(RECORDED INFORMATION Opens)

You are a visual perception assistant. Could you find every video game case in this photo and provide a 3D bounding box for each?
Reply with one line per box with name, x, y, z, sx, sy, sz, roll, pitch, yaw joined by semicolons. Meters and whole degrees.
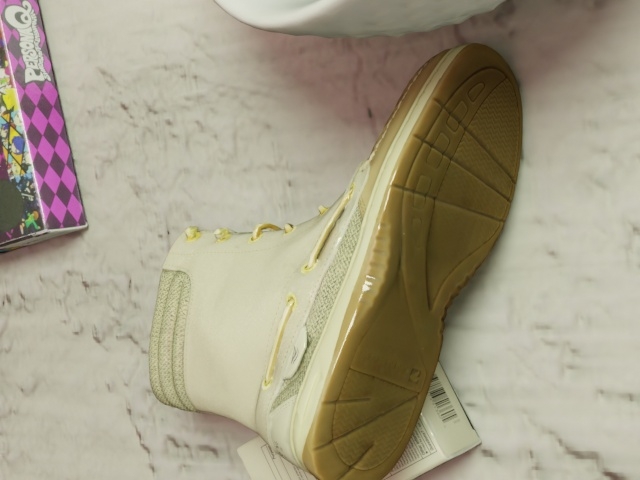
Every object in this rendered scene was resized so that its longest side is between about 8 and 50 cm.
video game case;-0.261;-0.095;0.760;0.210;0.042;0.232;-16;86;33

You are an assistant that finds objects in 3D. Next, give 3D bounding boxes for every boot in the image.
boot;0.000;0.000;0.572;0.165;0.077;0.213;11;76;52

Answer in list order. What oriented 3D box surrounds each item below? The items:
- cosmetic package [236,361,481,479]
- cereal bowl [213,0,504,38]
cosmetic package;0.018;0.105;0.595;0.115;0.041;0.060;-34;76;31
cereal bowl;0.053;-0.244;0.449;0.339;0.141;0.339;2;92;61
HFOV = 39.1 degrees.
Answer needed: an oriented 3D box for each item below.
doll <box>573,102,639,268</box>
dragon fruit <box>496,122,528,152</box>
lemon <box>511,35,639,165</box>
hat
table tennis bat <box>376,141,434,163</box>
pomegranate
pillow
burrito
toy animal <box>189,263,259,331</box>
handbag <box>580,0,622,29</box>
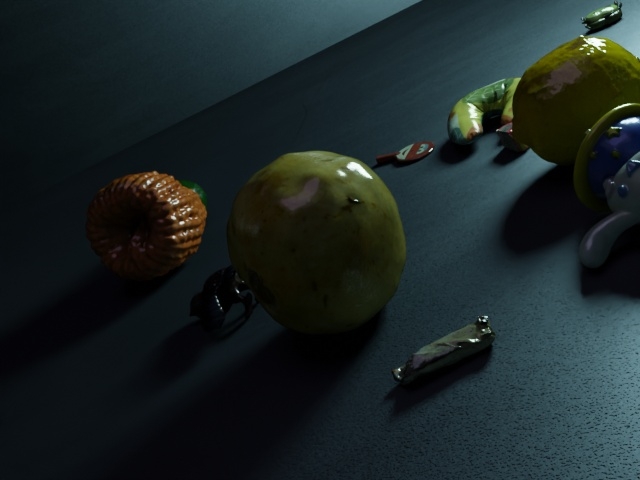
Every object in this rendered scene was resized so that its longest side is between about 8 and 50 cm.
[{"bbox_3d":[0.505,-0.083,1.474,0.311,0.159,0.242,-54,40,-3],"label":"doll"},{"bbox_3d":[0.426,-0.231,1.952,0.060,0.056,0.083,-31,21,-7],"label":"dragon fruit"},{"bbox_3d":[0.495,-0.266,1.734,0.288,0.234,0.233,-31,23,-5],"label":"lemon"},{"bbox_3d":[-0.385,-0.042,2.296,0.285,0.286,0.400,-15,-2,27],"label":"hat"},{"bbox_3d":[0.207,-0.211,2.204,0.154,0.019,0.098,-9,29,31],"label":"table tennis bat"},{"bbox_3d":[0.000,0.000,1.593,0.332,0.333,0.333,-23,23,10],"label":"pomegranate"},{"bbox_3d":[0.406,-0.299,2.098,0.233,0.086,0.214,-16,31,19],"label":"pillow"},{"bbox_3d":[0.188,0.170,1.371,0.171,0.042,0.051,-24,26,-1],"label":"burrito"},{"bbox_3d":[-0.208,0.100,1.855,0.179,0.116,0.219,-12,33,29],"label":"toy animal"},{"bbox_3d":[0.748,-0.593,2.392,0.111,0.047,0.072,-24,22,2],"label":"handbag"}]
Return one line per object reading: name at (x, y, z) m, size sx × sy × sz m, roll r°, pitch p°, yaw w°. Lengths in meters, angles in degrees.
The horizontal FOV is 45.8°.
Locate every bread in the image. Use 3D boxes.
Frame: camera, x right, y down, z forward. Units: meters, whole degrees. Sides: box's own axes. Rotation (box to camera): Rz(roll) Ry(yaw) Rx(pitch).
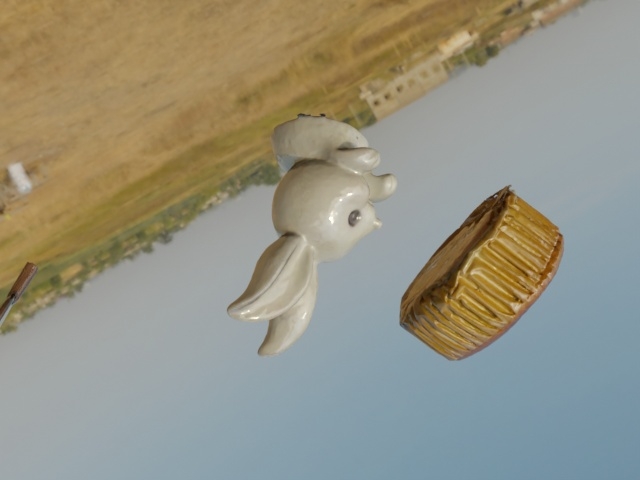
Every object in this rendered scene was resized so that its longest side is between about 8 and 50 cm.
bread at (0.180, 0.042, 0.839) m, size 0.199 × 0.104 × 0.199 m, roll -52°, pitch 180°, yaw 0°

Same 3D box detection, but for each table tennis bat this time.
table tennis bat at (-0.428, 0.131, 1.135) m, size 0.107 × 0.119 × 0.170 m, roll -34°, pitch -151°, yaw 58°

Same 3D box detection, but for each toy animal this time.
toy animal at (0.000, -0.003, 0.700) m, size 0.130 × 0.221 × 0.104 m, roll 4°, pitch 156°, yaw 8°
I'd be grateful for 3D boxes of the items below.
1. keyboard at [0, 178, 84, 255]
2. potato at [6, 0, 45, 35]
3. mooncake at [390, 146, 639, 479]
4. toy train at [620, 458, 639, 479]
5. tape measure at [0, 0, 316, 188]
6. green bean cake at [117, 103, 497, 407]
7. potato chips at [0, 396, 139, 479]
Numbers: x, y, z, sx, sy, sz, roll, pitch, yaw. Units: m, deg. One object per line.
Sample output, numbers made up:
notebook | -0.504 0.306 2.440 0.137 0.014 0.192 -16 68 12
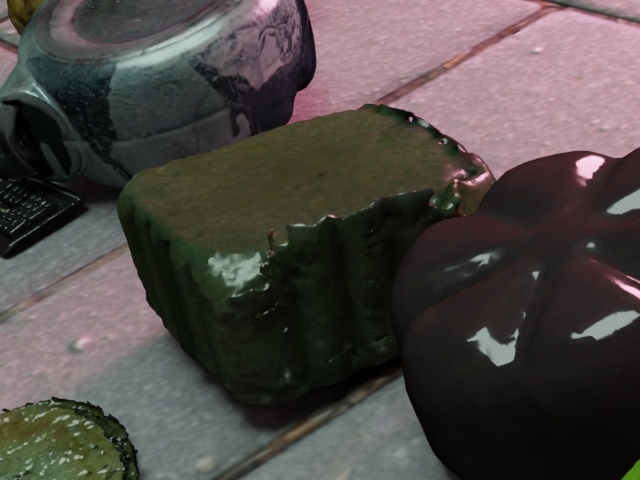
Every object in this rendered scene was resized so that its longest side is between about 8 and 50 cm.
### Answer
keyboard | -0.300 -0.041 1.435 0.093 0.025 0.230 -37 34 -26
potato | -0.163 -0.246 1.598 0.300 0.140 0.173 -9 35 -2
mooncake | 0.161 0.045 0.918 0.245 0.133 0.245 -20 29 12
toy train | 0.277 0.142 0.645 0.249 0.173 0.307 -42 36 -23
tape measure | -0.140 -0.156 1.410 0.275 0.147 0.256 -5 39 19
green bean cake | 0.000 0.000 1.089 0.227 0.125 0.222 -25 27 -17
potato chips | -0.223 0.170 1.021 0.220 0.029 0.202 -30 30 -26
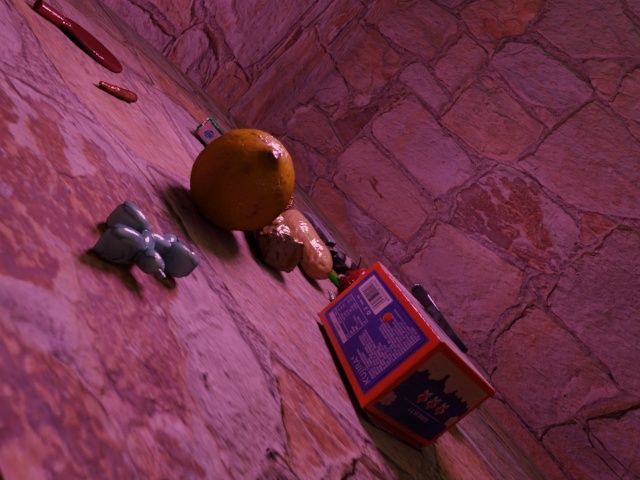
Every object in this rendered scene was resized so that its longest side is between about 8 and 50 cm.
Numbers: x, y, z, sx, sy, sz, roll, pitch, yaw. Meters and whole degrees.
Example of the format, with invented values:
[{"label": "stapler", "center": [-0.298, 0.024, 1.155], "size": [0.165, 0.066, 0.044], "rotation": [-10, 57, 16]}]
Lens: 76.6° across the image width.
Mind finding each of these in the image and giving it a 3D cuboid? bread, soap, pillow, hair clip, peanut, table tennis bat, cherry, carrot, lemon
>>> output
[{"label": "bread", "center": [-0.153, -0.030, 1.255], "size": [0.267, 0.130, 0.152], "rotation": [-124, -155, -48]}, {"label": "soap", "center": [-0.403, -0.387, 1.756], "size": [0.273, 0.098, 0.218], "rotation": [49, 2, -2]}, {"label": "pillow", "center": [0.076, 0.092, 1.908], "size": [0.186, 0.106, 0.250], "rotation": [30, -7, 46]}, {"label": "hair clip", "center": [0.325, 0.215, 1.115], "size": [0.070, 0.039, 0.229], "rotation": [41, 14, -42]}, {"label": "peanut", "center": [-0.065, 0.013, 1.504], "size": [0.318, 0.148, 0.147], "rotation": [57, 12, 26]}, {"label": "table tennis bat", "center": [-0.780, -0.667, 1.332], "size": [0.200, 0.038, 0.310], "rotation": [50, 8, 21]}, {"label": "cherry", "center": [0.181, 0.214, 1.591], "size": [0.250, 0.192, 0.175], "rotation": [43, 37, 6]}, {"label": "carrot", "center": [-0.602, -0.443, 1.210], "size": [0.035, 0.036, 0.165], "rotation": [48, 10, 2]}, {"label": "lemon", "center": [-0.196, -0.154, 1.049], "size": [0.258, 0.310, 0.257], "rotation": [19, 57, -32]}]

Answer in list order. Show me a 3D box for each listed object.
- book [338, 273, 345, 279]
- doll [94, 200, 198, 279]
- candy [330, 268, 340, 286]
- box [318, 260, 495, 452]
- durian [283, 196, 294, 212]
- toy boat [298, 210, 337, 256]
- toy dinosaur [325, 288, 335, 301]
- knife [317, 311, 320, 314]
[{"label": "book", "center": [0.221, 0.314, 1.789], "size": [0.379, 0.031, 0.264], "rotation": [55, 9, 17]}, {"label": "doll", "center": [-0.275, 0.009, 0.664], "size": [0.158, 0.059, 0.159], "rotation": [42, 8, -24]}, {"label": "candy", "center": [0.046, 0.144, 1.781], "size": [0.178, 0.032, 0.102], "rotation": [49, 8, 7]}, {"label": "box", "center": [0.214, 0.305, 1.102], "size": [0.318, 0.257, 0.348], "rotation": [44, 8, -35]}, {"label": "durian", "center": [-0.186, -0.174, 1.777], "size": [0.168, 0.137, 0.158], "rotation": [58, 22, -29]}, {"label": "toy boat", "center": [-0.047, -0.025, 1.717], "size": [0.092, 0.141, 0.319], "rotation": [21, 25, -46]}, {"label": "toy dinosaur", "center": [0.044, 0.217, 1.470], "size": [0.083, 0.021, 0.062], "rotation": [42, 23, -42]}, {"label": "knife", "center": [0.060, 0.264, 1.318], "size": [0.244, 0.032, 0.058], "rotation": [25, 32, -58]}]
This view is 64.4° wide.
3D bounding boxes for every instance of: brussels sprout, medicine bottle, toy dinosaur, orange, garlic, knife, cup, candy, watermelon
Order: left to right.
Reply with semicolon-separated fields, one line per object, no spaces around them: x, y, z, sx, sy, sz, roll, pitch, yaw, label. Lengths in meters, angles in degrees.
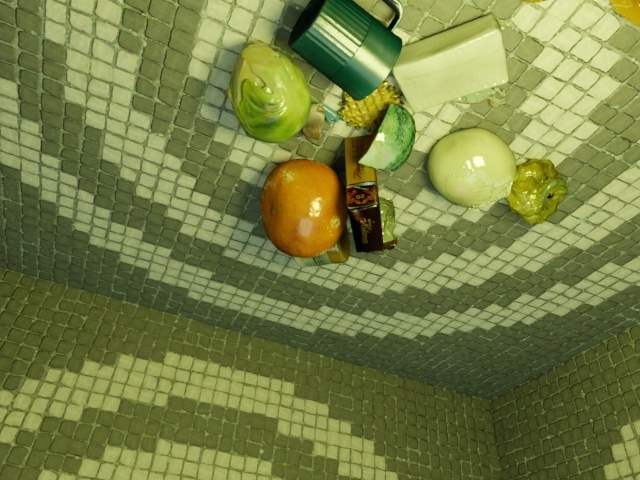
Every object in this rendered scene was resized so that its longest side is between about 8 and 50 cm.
-0.189;-0.498;1.778;0.344;0.268;0.344;8;137;7;brussels sprout
-0.061;-0.135;2.100;0.326;0.423;0.424;-7;147;-28;orange
-0.036;-0.461;1.930;0.101;0.086;0.195;13;153;0;garlic
-0.029;-0.522;1.921;0.244;0.032;0.058;32;146;-23;knife
0.000;0.000;2.373;0.232;0.237;0.238;-9;138;16;medicine bottle
0.090;-0.643;1.598;0.292;0.242;0.308;29;137;-23;cup
0.257;-0.370;1.897;0.176;0.260;0.256;-6;139;27;watermelon
0.430;-0.589;1.699;0.359;0.145;0.208;-14;138;23;candy
0.541;-0.519;1.837;0.242;0.053;0.167;-17;143;12;toy dinosaur

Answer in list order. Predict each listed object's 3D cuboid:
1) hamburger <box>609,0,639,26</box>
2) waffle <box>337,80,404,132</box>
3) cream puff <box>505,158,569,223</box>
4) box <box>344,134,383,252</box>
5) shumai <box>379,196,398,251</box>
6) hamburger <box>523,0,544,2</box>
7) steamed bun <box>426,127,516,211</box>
0.975;-0.756;1.425;0.290;0.170;0.314;33;134;-21;hamburger
0.187;-0.502;1.903;0.229;0.051;0.231;14;140;-14;waffle
0.877;-0.197;2.024;0.282;0.281;0.185;28;162;-25;cream puff
0.170;-0.185;1.993;0.116;0.415;0.264;-6;139;8;box
0.246;-0.055;2.308;0.189;0.218;0.255;-1;141;-6;shumai
0.629;-0.790;1.462;0.182;0.118;0.191;-1;134;1;hamburger
0.577;-0.265;1.988;0.312;0.233;0.334;31;136;-24;steamed bun
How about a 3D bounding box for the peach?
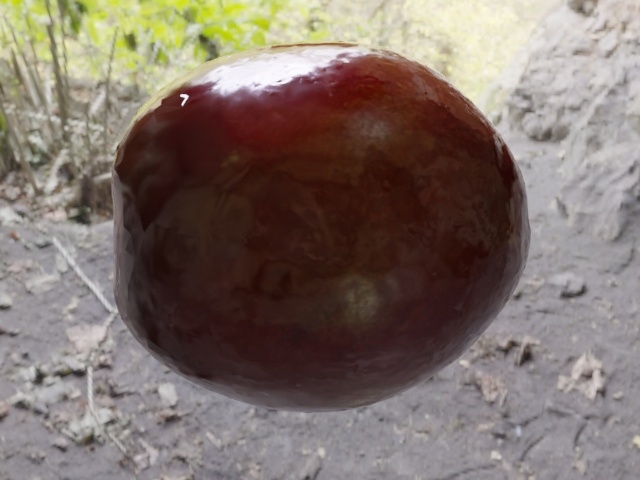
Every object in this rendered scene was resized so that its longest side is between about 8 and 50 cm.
[{"bbox_3d":[0.000,0.000,0.559,0.243,0.243,0.199,5,64,11],"label":"peach"}]

(RECORDED INFORMATION Closes)

## PROBLEM REQUIREMENTS:
Give back exactly the lines above from the one with "lemon <box>511,35,639,165</box>" through the one with "6. green bean cake at [117, 103, 497, 407]", both included. Pictures don't belong in the copy.

## TASK OUTPUT:
lemon <box>511,35,639,165</box>
hat
table tennis bat <box>376,141,434,163</box>
pomegranate
pillow
burrito
toy animal <box>189,263,259,331</box>
handbag <box>580,0,622,29</box>
Every object in this rendered scene was resized so that its longest side is between about 8 and 50 cm.
[{"bbox_3d":[0.505,-0.083,1.474,0.311,0.159,0.242,-54,40,-3],"label":"doll"},{"bbox_3d":[0.426,-0.231,1.952,0.060,0.056,0.083,-31,21,-7],"label":"dragon fruit"},{"bbox_3d":[0.495,-0.266,1.734,0.288,0.234,0.233,-31,23,-5],"label":"lemon"},{"bbox_3d":[-0.385,-0.042,2.296,0.285,0.286,0.400,-15,-2,27],"label":"hat"},{"bbox_3d":[0.207,-0.211,2.204,0.154,0.019,0.098,-9,29,31],"label":"table tennis bat"},{"bbox_3d":[0.000,0.000,1.593,0.332,0.333,0.333,-23,23,10],"label":"pomegranate"},{"bbox_3d":[0.406,-0.299,2.098,0.233,0.086,0.214,-16,31,19],"label":"pillow"},{"bbox_3d":[0.188,0.170,1.371,0.171,0.042,0.051,-24,26,-1],"label":"burrito"},{"bbox_3d":[-0.208,0.100,1.855,0.179,0.116,0.219,-12,33,29],"label":"toy animal"},{"bbox_3d":[0.748,-0.593,2.392,0.111,0.047,0.072,-24,22,2],"label":"handbag"}]
Return one line per object reading: name at (x, y, z) m, size sx × sy × sz m, roll r°, pitch p°, yaw w°. Lengths in meters, angles in degrees.
The horizontal FOV is 45.8°.
Locate every bread in the image. Use 3D boxes.
Frame: camera, x right, y down, z forward. Units: meters, whole degrees. Sides: box's own axes. Rotation (box to camera): Rz(roll) Ry(yaw) Rx(pitch).
Every object in this rendered scene was resized so that its longest side is between about 8 and 50 cm.
bread at (0.180, 0.042, 0.839) m, size 0.199 × 0.104 × 0.199 m, roll -52°, pitch 180°, yaw 0°

Same 3D box detection, but for each table tennis bat this time.
table tennis bat at (-0.428, 0.131, 1.135) m, size 0.107 × 0.119 × 0.170 m, roll -34°, pitch -151°, yaw 58°

Same 3D box detection, but for each toy animal this time.
toy animal at (0.000, -0.003, 0.700) m, size 0.130 × 0.221 × 0.104 m, roll 4°, pitch 156°, yaw 8°
I'd be grateful for 3D boxes of the items below.
1. keyboard at [0, 178, 84, 255]
2. potato at [6, 0, 45, 35]
3. mooncake at [390, 146, 639, 479]
4. toy train at [620, 458, 639, 479]
5. tape measure at [0, 0, 316, 188]
6. green bean cake at [117, 103, 497, 407]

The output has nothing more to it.